Infinitely Losing My Edge
Yeah, I'm losing my edge.
I'm losing my edge.
The kids are coming up from behind.
I'm losing my edge.
I'm losing my edge to the kids from Slovakia and from Manchester.
But I was there.
I was there in 1967.
I was there at the first Rodriguez show in Detroit.
I'm losing my edge.
I'm losing my edge to the kids whose footsteps I hear when they get on the decks.
I'm losing my edge to the internet seekers who can tell me every member of every good group from 1963 to 1972.
I'm losing my edge.
To all the kids in Columbus and Spokane.
I'm losing my edge to the art-school Beijing kids in little jackets and borrowed nostalgia for the unremembered nineties.
I'm losing my edge.
I'm losing my edge.
I can hear the footsteps every night on the decks.
But I was there.
I was there in 1962 at the first Guess Who practice in a loft in Winnipeg.
I was working on the sitar sounds with much patience.
I was there when Captain Beefheart started up his first band.
I told him, "Don't do it that way. You'll never make a dime."
I was there.
I was the first guy playing Delon & Dalcan to the rock kids.
I played it at the Roxy.
Everybody thought I was crazy.
We all know.
I was there.
I was there.
I've never been wrong.
But I'm losing my edge to better-looking people with better ideas and more talent.
And they're actually really, really nice.
I'm losing my edge.
I heard you have a compilation of every good song ever done by anybody.
Every great song by Echo & the Bunnymen. All the underground hits.
All Colin Newman tracks. I heard you have a vinyl of every Man Eating Sloth record on German import.
I heard that you have a white label of every seminal electroclash hit - 1985, '86, '87.
I heard that you have a CD compilation of every good '60s cut and another box set from the '80s.
I hear you're buying a linndrum and a guitar and are throwing your macbook out the window because you want to make something real. You want to make a Hardrive record.
I hear that you and your band have sold your theremin and bought a chamberlin.
I hear that you and your band have sold your chamberlin and bought a theremin.
I hear everybody that you know is more relevant than everybody that I know.

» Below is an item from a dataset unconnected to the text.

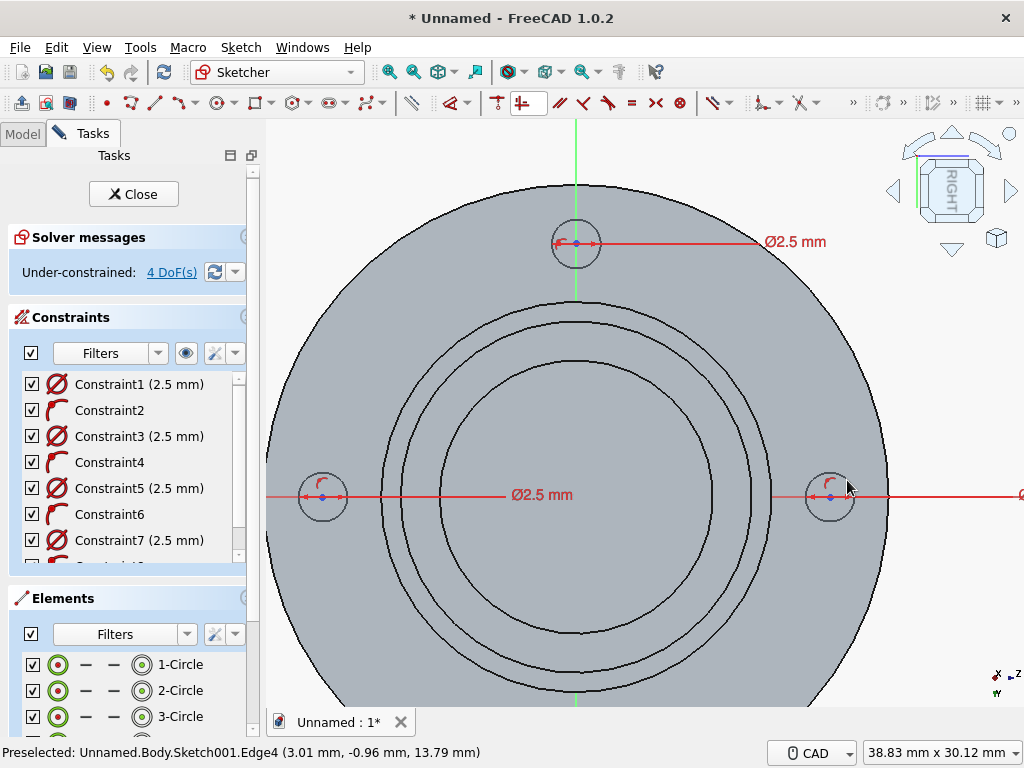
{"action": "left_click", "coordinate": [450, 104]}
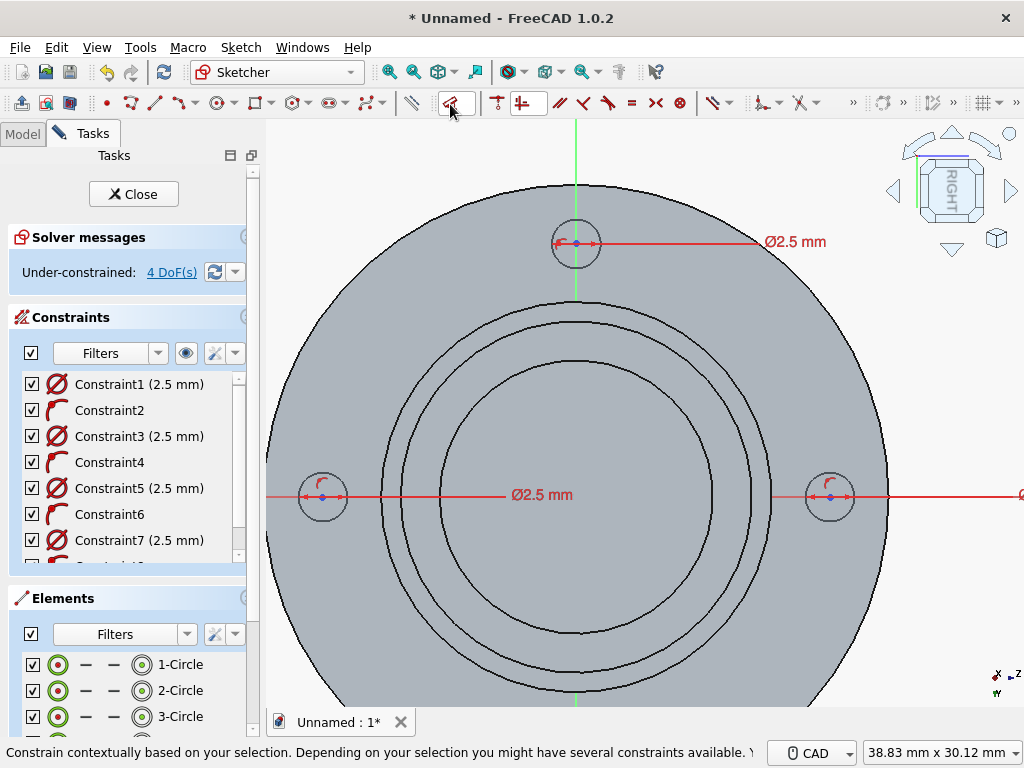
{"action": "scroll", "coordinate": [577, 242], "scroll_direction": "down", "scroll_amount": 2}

But have you seen my records?
The Pretty Things,
Brass Construction,
Spandau Ballet,
DJ Style,
The Mighty Diamonds,
F. McDonald,
Avey Tare's Slasher Flicks,
Oppenheimer Analysis,
Mission of Burma,
Aloha Tigers,
Man Parrish,
Stiv Bators,
The Sisters of Mercy,
Soul II Soul,
Morten Harket,
Nas,
The Gun Club,
Marcia Griffiths,
Gang Green,
Gregory Isaacs,
Minor Threat,
Rapeman,
Neil Young & Crazy Horse,
Alison Limerick,
The Durutti Column,
Michelle Simonal,
The J.B.'s,
Zapp,
Jacob Miller,
Avey Tare,
Marmalade,
Captain Beefheart & His Magic Band,
The Velvet Underground,
Main Source,
Grauzone,
The Stooges,
Parry Music,
The Move,
Ice-T,
Metal Thangz,
John Lydon,
Dorothy Ashby,
Eli Mardock,
Wire,
Swans,
Amazonics,
Q and Not U,
Flamin' Groovies,
FM Einheit,
Sad Lovers and Giants,
Scientists,
The Royal Family And The Poor,
Ken Boothe,
The Star Department,
The Neon Judgement,
Kayak,
Notorious Big And Bone Thugs,
Tommy Roe,
Sparks,
Hardrive,
MDC, MDC, MDC, MDC.
You don't know what you really want.
You don't know what you really want.
You don't know what you really want.
You don't know what you really want.
You don't know what you really want.
You don't know what you really want.
You don't know what you really want.
You don't know what you really want.
You don't know what you really want.
You don't know what you really want.
You don't know what you really want.
You don't know what you really want.
You don't know what you really want.
You don't know what you really want.
You don't know what you really want.